TASK BRIEF =>
Starting at the line that holds "- camera [236,34,390,191]" and stopping at the line that holds "-0.610;-0.254;1.545;0.405;0.198;0.198;-2;7;2;toolbox", restate the records below word for word, with both of those lines included.

= Beginning of Section =

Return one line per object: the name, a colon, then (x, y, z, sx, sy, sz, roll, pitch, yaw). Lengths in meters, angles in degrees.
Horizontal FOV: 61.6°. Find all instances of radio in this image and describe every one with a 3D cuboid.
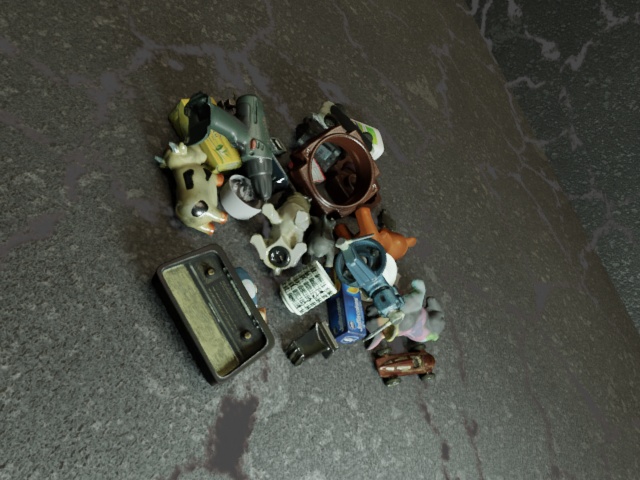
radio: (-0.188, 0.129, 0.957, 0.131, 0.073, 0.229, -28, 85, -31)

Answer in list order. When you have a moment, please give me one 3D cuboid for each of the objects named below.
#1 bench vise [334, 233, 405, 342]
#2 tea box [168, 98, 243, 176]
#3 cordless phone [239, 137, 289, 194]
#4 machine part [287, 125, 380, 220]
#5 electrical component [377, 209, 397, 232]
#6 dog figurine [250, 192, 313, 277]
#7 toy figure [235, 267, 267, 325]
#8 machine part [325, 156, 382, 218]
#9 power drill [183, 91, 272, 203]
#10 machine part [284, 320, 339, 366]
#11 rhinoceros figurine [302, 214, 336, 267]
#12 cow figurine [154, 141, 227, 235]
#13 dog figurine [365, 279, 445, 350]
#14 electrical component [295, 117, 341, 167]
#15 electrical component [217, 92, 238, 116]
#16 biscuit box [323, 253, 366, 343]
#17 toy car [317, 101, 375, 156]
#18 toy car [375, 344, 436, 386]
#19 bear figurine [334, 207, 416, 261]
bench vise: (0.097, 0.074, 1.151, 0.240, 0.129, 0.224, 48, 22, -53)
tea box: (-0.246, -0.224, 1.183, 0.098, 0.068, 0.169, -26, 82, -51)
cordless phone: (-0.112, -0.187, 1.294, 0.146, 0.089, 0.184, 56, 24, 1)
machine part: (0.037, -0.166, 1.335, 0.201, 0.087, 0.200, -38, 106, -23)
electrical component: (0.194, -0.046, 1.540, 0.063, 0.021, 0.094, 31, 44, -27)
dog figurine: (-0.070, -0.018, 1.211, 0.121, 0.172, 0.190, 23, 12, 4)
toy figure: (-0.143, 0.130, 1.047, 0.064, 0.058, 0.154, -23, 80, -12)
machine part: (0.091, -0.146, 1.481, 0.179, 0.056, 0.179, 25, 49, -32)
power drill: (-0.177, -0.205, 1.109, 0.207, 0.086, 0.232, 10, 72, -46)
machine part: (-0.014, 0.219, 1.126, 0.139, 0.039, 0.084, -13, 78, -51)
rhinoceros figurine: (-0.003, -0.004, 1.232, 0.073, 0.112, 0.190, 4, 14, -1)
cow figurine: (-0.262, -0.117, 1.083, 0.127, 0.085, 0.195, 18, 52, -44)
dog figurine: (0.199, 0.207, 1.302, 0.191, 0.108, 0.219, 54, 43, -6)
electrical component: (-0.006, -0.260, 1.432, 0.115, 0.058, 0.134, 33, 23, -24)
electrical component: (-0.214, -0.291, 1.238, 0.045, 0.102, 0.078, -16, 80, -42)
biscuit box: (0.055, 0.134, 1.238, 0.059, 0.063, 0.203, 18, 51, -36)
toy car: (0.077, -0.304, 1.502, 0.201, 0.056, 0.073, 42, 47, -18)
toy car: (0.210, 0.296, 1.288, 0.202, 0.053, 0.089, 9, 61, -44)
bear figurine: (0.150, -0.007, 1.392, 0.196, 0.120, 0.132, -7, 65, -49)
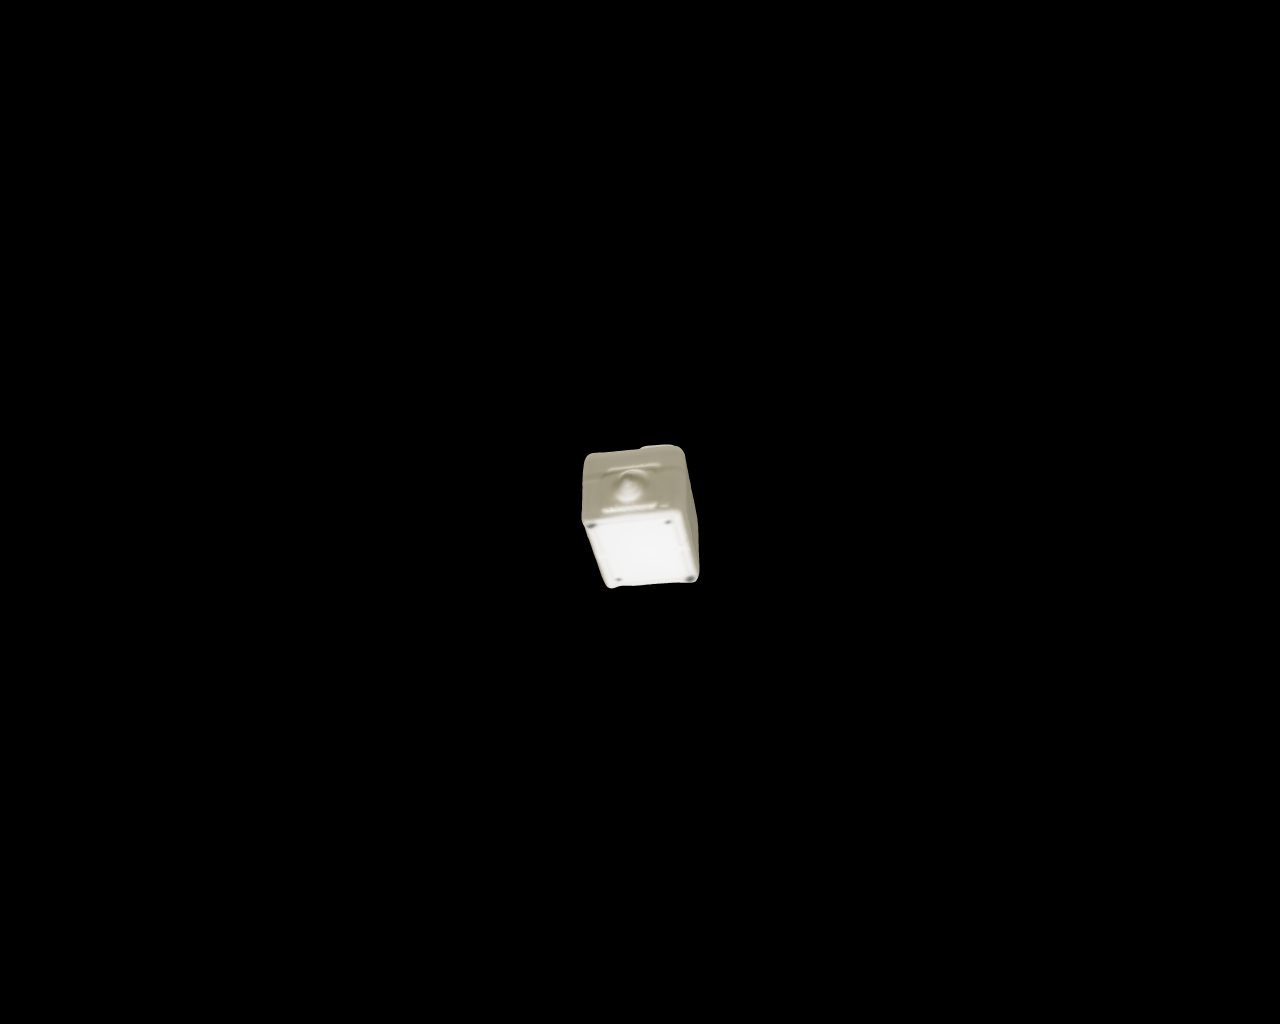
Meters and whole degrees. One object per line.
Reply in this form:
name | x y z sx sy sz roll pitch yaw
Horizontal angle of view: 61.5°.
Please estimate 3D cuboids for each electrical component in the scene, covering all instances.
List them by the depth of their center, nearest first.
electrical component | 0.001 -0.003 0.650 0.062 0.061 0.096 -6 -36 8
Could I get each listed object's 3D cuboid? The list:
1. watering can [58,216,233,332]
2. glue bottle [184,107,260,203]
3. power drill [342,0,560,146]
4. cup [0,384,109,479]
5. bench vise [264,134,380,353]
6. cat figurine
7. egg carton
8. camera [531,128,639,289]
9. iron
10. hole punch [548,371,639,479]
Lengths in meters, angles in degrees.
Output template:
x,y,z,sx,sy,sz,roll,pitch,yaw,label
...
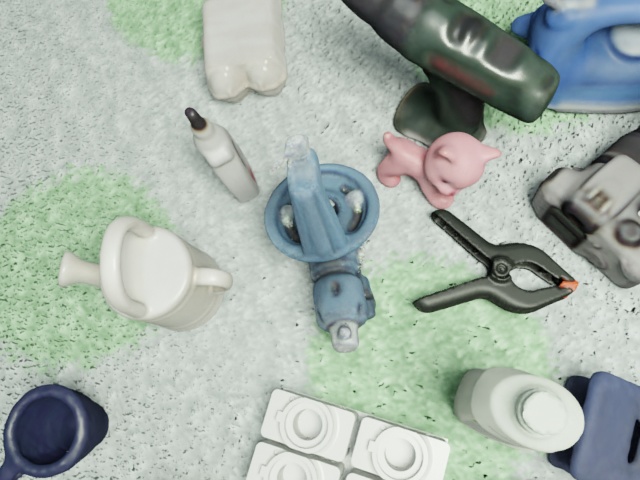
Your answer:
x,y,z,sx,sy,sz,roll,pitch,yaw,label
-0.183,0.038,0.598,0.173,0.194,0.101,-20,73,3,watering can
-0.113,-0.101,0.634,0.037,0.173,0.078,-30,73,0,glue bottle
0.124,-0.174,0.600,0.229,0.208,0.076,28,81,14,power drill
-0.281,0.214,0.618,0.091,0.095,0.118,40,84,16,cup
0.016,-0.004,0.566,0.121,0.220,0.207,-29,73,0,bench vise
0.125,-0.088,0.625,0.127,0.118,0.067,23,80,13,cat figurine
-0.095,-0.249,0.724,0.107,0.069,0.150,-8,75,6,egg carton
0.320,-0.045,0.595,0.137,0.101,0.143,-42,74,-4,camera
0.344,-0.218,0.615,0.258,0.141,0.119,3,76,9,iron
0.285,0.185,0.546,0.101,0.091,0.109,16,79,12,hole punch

= End of Section =
= Beginning of Section =

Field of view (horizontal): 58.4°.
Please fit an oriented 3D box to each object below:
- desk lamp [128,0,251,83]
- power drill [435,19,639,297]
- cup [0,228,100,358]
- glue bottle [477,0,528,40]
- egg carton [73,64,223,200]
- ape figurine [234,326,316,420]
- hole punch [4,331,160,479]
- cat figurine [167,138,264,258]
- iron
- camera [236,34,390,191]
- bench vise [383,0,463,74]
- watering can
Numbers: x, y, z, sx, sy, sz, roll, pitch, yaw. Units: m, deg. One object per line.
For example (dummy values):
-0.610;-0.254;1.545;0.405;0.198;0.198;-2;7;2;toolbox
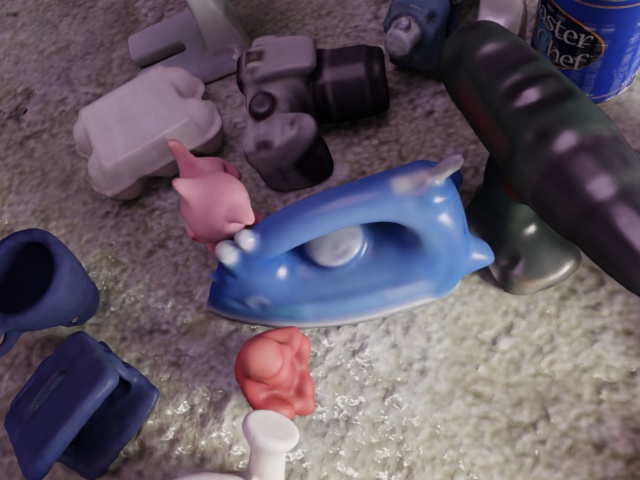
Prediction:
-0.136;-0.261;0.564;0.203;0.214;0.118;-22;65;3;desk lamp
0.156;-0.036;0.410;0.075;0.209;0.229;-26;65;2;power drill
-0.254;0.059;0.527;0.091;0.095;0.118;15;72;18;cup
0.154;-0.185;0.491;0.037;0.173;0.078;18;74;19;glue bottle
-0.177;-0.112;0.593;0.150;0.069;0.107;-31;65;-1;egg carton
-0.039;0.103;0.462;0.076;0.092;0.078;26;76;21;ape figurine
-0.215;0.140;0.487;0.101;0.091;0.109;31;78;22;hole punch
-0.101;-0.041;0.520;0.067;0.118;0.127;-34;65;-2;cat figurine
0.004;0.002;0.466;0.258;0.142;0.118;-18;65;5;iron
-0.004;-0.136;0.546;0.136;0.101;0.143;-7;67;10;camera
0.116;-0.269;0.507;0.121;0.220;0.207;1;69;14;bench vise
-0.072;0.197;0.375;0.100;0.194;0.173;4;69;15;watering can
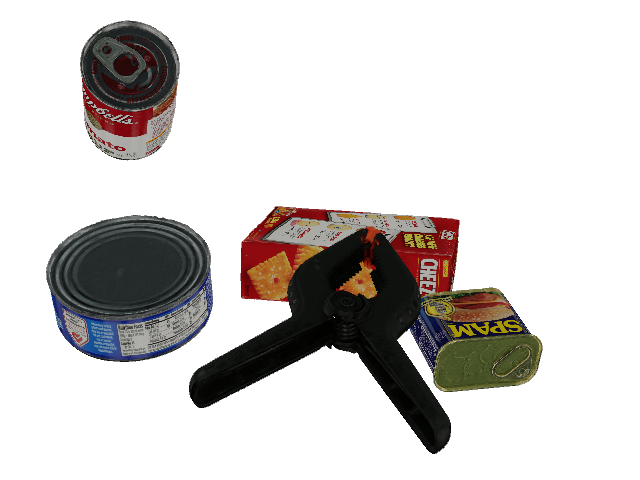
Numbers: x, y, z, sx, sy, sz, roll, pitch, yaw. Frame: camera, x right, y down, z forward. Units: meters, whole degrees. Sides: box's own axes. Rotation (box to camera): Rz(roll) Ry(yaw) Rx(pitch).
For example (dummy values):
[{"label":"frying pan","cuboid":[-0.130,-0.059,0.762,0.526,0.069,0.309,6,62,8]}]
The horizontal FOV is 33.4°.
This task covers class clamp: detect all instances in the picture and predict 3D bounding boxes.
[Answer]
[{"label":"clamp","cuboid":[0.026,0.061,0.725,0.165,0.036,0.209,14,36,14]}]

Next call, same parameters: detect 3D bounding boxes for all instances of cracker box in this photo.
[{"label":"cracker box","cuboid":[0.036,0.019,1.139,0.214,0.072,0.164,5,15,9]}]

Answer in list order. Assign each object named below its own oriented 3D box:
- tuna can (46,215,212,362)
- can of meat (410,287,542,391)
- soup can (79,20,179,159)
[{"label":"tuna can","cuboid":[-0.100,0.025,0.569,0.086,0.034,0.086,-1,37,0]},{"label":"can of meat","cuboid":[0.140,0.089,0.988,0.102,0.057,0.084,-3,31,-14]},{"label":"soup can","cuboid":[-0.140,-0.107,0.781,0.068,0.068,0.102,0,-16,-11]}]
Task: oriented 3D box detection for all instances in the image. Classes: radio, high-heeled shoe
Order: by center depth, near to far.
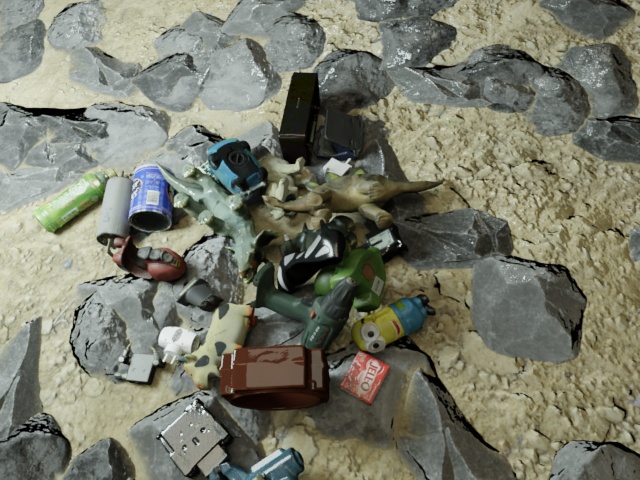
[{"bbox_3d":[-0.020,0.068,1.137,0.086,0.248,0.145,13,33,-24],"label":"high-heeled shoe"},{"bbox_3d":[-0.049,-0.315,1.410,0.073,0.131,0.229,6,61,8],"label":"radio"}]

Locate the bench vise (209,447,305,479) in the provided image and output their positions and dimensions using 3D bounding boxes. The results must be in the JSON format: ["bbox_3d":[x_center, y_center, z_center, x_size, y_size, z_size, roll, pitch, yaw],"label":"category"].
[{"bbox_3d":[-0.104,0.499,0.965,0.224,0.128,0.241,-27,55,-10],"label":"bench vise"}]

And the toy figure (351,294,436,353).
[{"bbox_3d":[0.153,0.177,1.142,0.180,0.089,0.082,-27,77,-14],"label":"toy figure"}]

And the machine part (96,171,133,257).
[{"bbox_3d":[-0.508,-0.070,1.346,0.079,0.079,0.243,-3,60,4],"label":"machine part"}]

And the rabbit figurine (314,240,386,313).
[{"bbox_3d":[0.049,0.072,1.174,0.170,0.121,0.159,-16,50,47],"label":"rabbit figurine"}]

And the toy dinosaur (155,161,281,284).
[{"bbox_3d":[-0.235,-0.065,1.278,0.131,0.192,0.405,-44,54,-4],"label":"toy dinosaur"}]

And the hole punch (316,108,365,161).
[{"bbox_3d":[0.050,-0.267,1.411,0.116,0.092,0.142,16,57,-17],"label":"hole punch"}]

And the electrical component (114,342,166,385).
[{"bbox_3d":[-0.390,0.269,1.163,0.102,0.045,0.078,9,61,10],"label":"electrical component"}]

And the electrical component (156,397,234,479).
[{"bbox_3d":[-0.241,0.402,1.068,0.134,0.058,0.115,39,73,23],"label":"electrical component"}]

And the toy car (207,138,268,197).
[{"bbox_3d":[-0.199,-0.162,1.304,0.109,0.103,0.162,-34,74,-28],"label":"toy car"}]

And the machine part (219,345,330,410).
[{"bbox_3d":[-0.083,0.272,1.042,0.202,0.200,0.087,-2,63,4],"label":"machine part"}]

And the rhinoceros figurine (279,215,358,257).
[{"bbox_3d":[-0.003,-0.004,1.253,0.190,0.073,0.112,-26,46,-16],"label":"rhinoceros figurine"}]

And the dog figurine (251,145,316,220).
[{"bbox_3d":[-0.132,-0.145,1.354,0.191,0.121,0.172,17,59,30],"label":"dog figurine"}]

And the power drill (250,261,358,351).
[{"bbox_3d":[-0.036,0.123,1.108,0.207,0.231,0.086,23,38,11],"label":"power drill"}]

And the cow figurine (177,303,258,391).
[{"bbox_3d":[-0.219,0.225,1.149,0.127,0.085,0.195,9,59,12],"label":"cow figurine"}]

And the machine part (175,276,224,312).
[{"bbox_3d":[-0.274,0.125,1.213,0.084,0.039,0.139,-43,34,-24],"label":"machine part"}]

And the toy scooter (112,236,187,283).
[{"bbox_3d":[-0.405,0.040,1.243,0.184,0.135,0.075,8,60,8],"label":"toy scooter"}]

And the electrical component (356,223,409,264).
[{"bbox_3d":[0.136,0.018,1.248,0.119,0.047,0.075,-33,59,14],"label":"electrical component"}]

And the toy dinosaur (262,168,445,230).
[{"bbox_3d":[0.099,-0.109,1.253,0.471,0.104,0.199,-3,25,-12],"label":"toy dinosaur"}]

= End of Section =

ANSWER TO THE EXERCISE =>
- camera [236,34,390,191]
- bench vise [383,0,463,74]
- watering can
Numbers: x, y, z, sx, sy, sz, roll, pitch, yaw. Units: m, deg. One object per line.
For example (dummy values):
-0.610;-0.254;1.545;0.405;0.198;0.198;-2;7;2;toolbox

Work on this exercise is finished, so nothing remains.